CRH is expressed in a variety of anxiety-related extrahypothalamic sites of the central nervous system, including the central amygdala (CeA)[40]. In our gene expression analysis, significant upregulations of Crh, Crhr1, and Crhr2 were observed in the amygdala in the CKD group, which is in accordance with the development of anxiety-like behavior. In a study by Cipriano et al., the intra-amygdalar administration of CRH resulted in a reduction in open arm time and entries in the EPM test, while a selective CRHR1 antagonist induced an anxiety-like effect, pointing to the involvement of amygdalar CRHR1 signaling in anxiety[16]. Moreover, the continuous overexpression of CRH by a lentiviral vector in the central nucleus of the amygdala has been associated with the dysregulation of the HPA axis, increased acoustic startle response, as well as depressive-like behavior[36]. Crhr2 upregulation can also be linked to anxiety, as urocortin 2 (a CRHR2 agonist) induced anxiety-like behavior, when injected into the medial amygdala in rats[1].

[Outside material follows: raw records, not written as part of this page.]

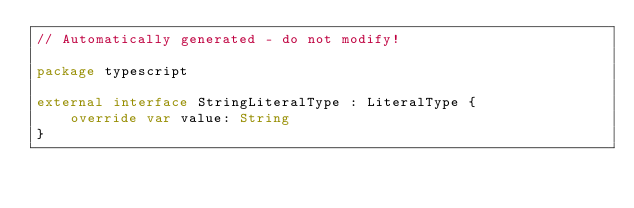<code> <loc_0><loc_0><loc_500><loc_500><_Kotlin_>// Automatically generated - do not modify!

package typescript

external interface StringLiteralType : LiteralType {
    override var value: String
}
</code> 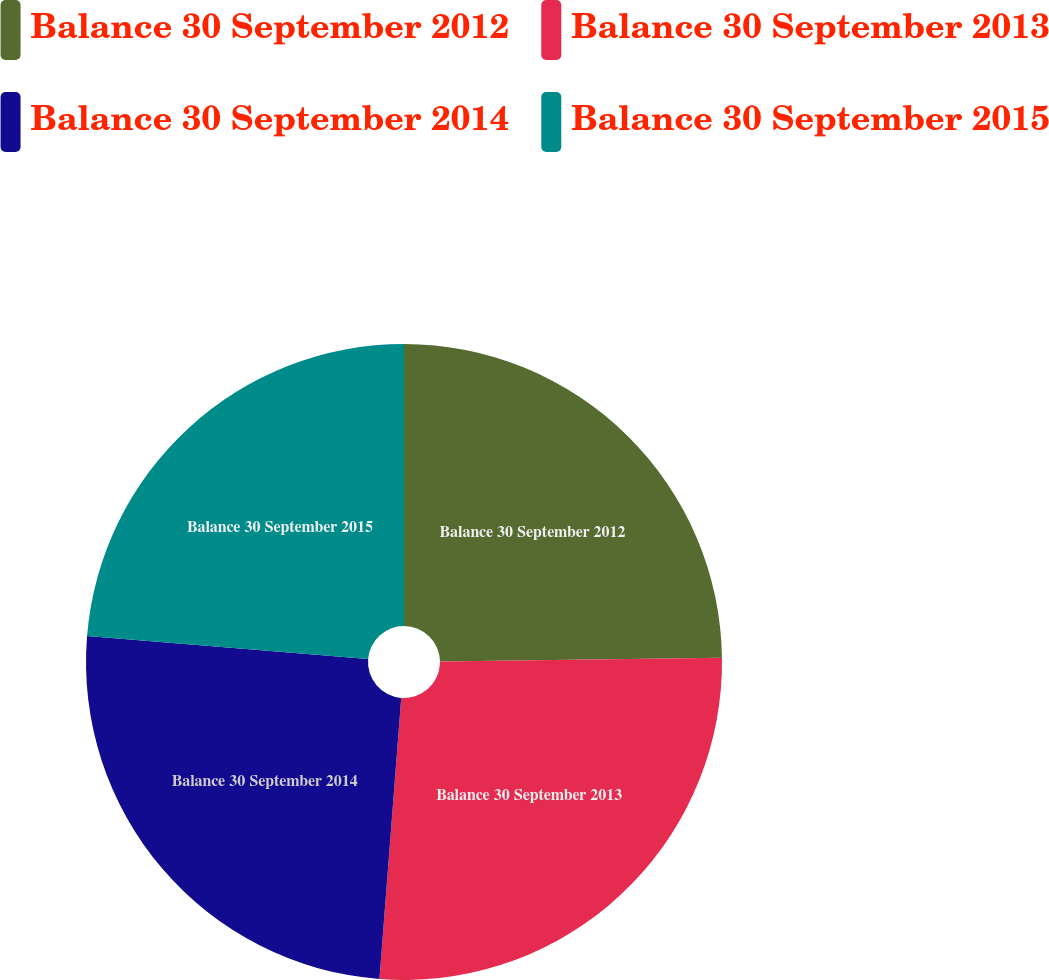Convert chart to OTSL. <chart><loc_0><loc_0><loc_500><loc_500><pie_chart><fcel>Balance 30 September 2012<fcel>Balance 30 September 2013<fcel>Balance 30 September 2014<fcel>Balance 30 September 2015<nl><fcel>24.79%<fcel>26.44%<fcel>25.07%<fcel>23.7%<nl></chart> 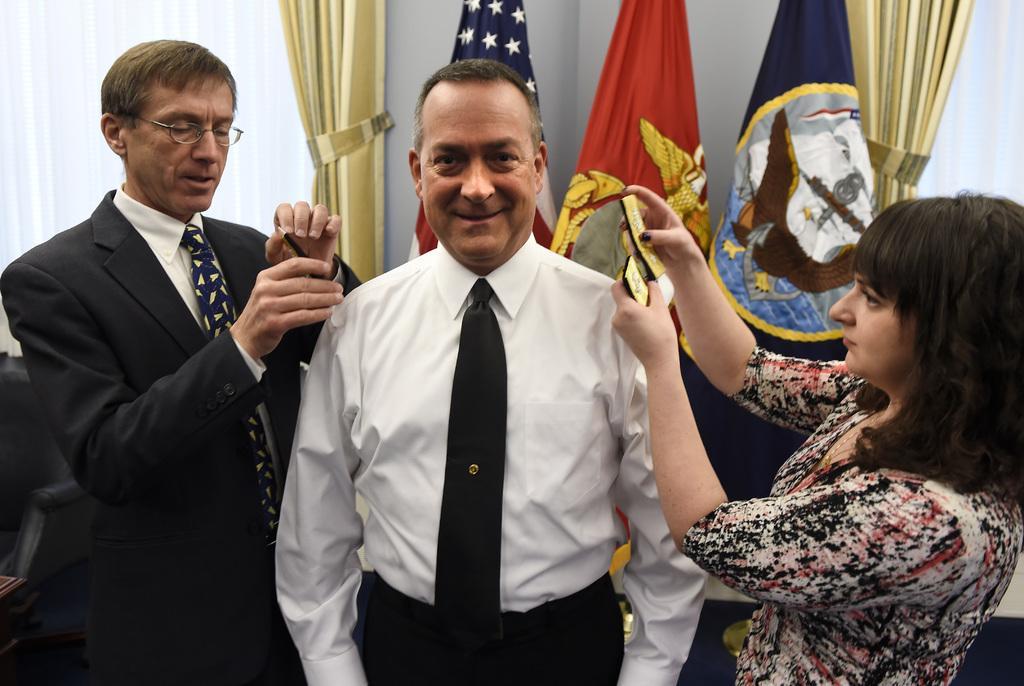In one or two sentences, can you explain what this image depicts? In the image we can see there are two men and a woman standing and they are wearing clothes. This is a tie and speculates, we can even see there are three flags, these are the curtains. 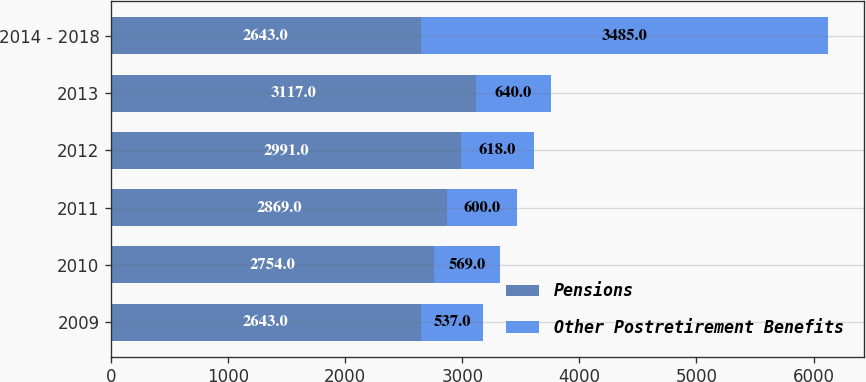Convert chart. <chart><loc_0><loc_0><loc_500><loc_500><stacked_bar_chart><ecel><fcel>2009<fcel>2010<fcel>2011<fcel>2012<fcel>2013<fcel>2014 - 2018<nl><fcel>Pensions<fcel>2643<fcel>2754<fcel>2869<fcel>2991<fcel>3117<fcel>2643<nl><fcel>Other Postretirement Benefits<fcel>537<fcel>569<fcel>600<fcel>618<fcel>640<fcel>3485<nl></chart> 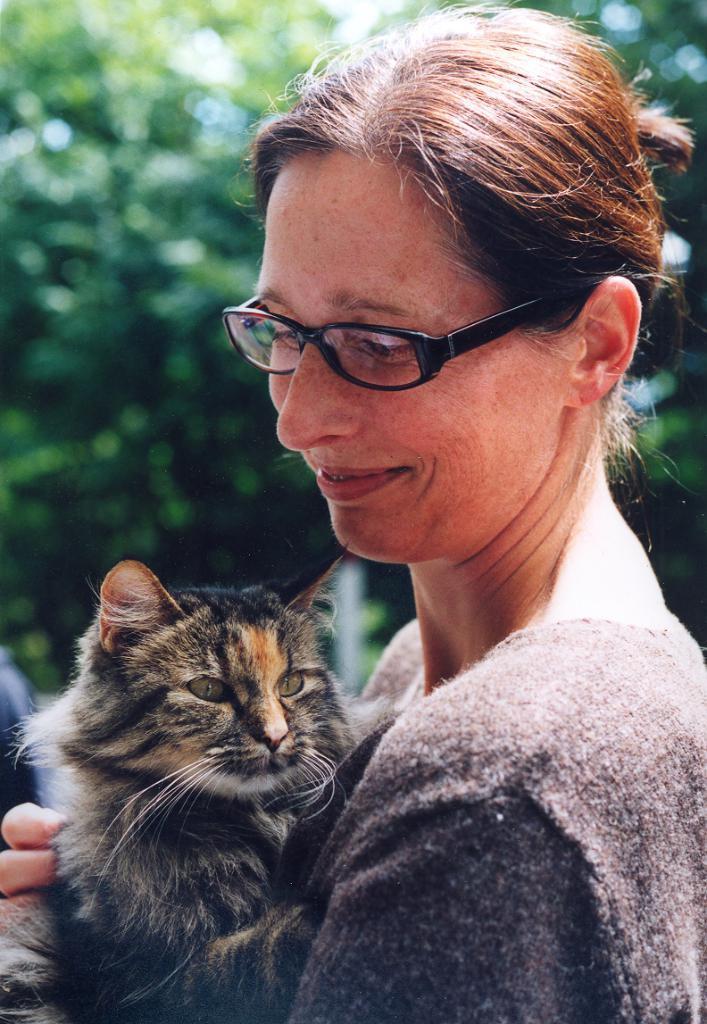Could you give a brief overview of what you see in this image? In this picture a woman is smiling and holding a cat. In the background there are trees.

Contrary to the gene expression results, no significant differences were detected in the amygdalar protein expression of CRH and its receptors. Protein levels vary on a high dynamic range, influenced by the rate of translation and degradation, the former being the determining factor[68]. The rate of translation is regulated by a multitude of molecular mechanisms, one of which is transcription. Additionally, the activity of eukaryotic initiating factors (EIFs), structural features (e.g. internal ribosome-entry sequences, upstream open reading frames, and secondary or tertiary RNA structures), RNA-binding proteins, as well as microRNAs and small interfering RNAs are involved in the regulation of translation[24]. Any of these mechanisms might be responsible for our results, therefore it is possible that the increased expression of the Crh, Crhr1, and Crhr2 genes, that we detected in the amygdala, does not reflect in their protein concentration. However, it is also possible that the HPA axis dysregulation has not yet developed in our model, or it just started to develop at the time of sample collection, and later a significant change could have been detected. Nevertheless, further studies are needed to establish the role of the HPA axis in CKD-induced anxiety.